**WHAT IS NEEDED**
An exact copy of the records below is required, and it must contain no pictures.

+===+

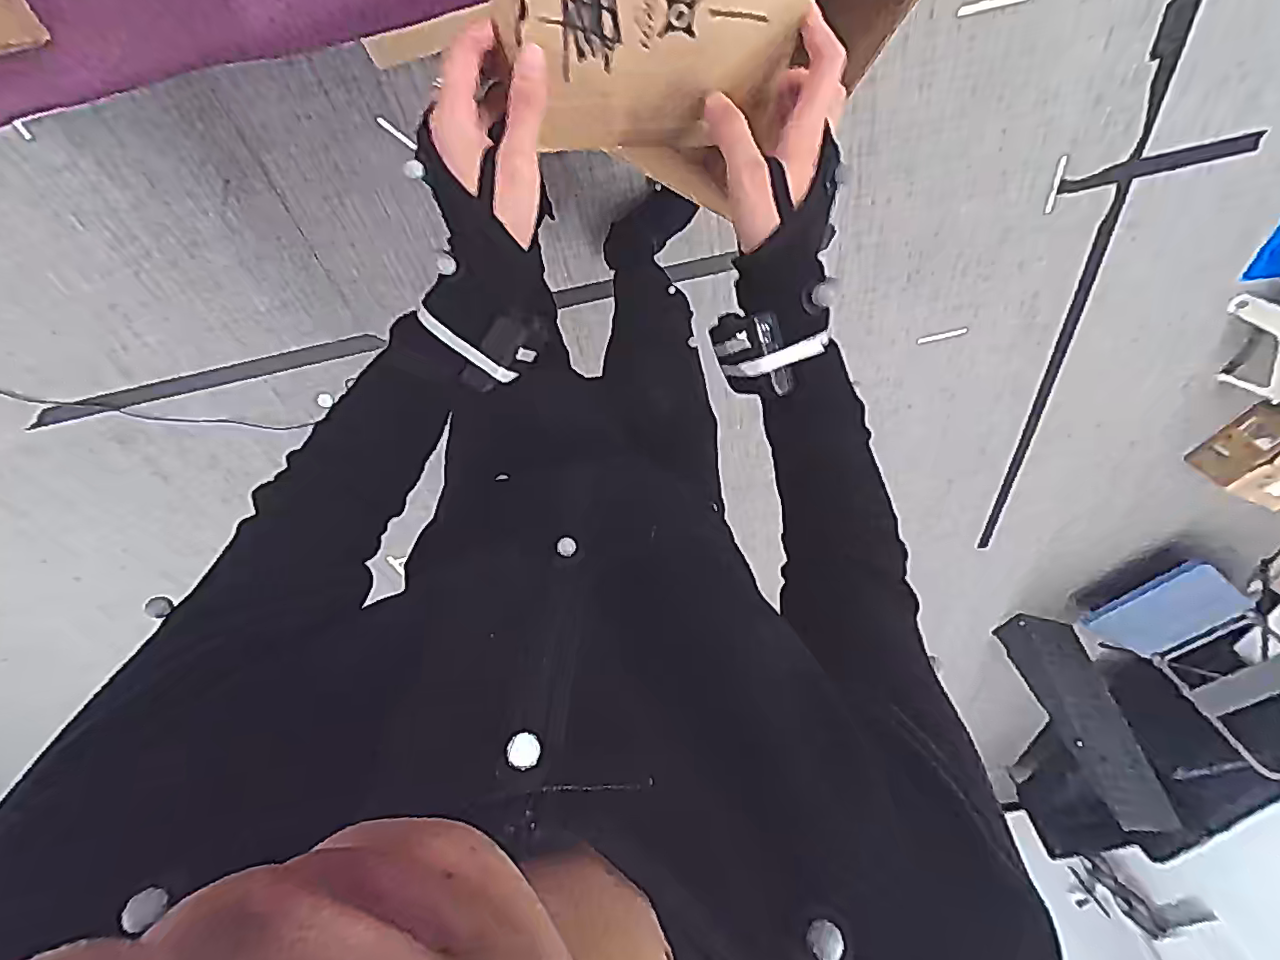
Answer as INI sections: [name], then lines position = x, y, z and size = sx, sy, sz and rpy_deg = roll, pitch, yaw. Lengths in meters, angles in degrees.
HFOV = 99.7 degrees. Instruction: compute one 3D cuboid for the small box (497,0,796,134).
[small box]
position = 0.003, -0.357, 0.337
size = 0.179, 0.176, 0.168
rpy_deg = 0, 158, -7

+===+

**EXPECTED ANSWER**
Answer as INI sections: [name], then lines position = x, y, z and size = sx, sy, sz and rpy_deg = roll, pitch, yaw. Lengths in meters, angles in degrees.
HFOV = 99.7 degrees. Instruction: compute one 3D cuboid for the small box (497,0,796,134).
[small box]
position = 0.003, -0.357, 0.337
size = 0.179, 0.176, 0.168
rpy_deg = 0, 158, -7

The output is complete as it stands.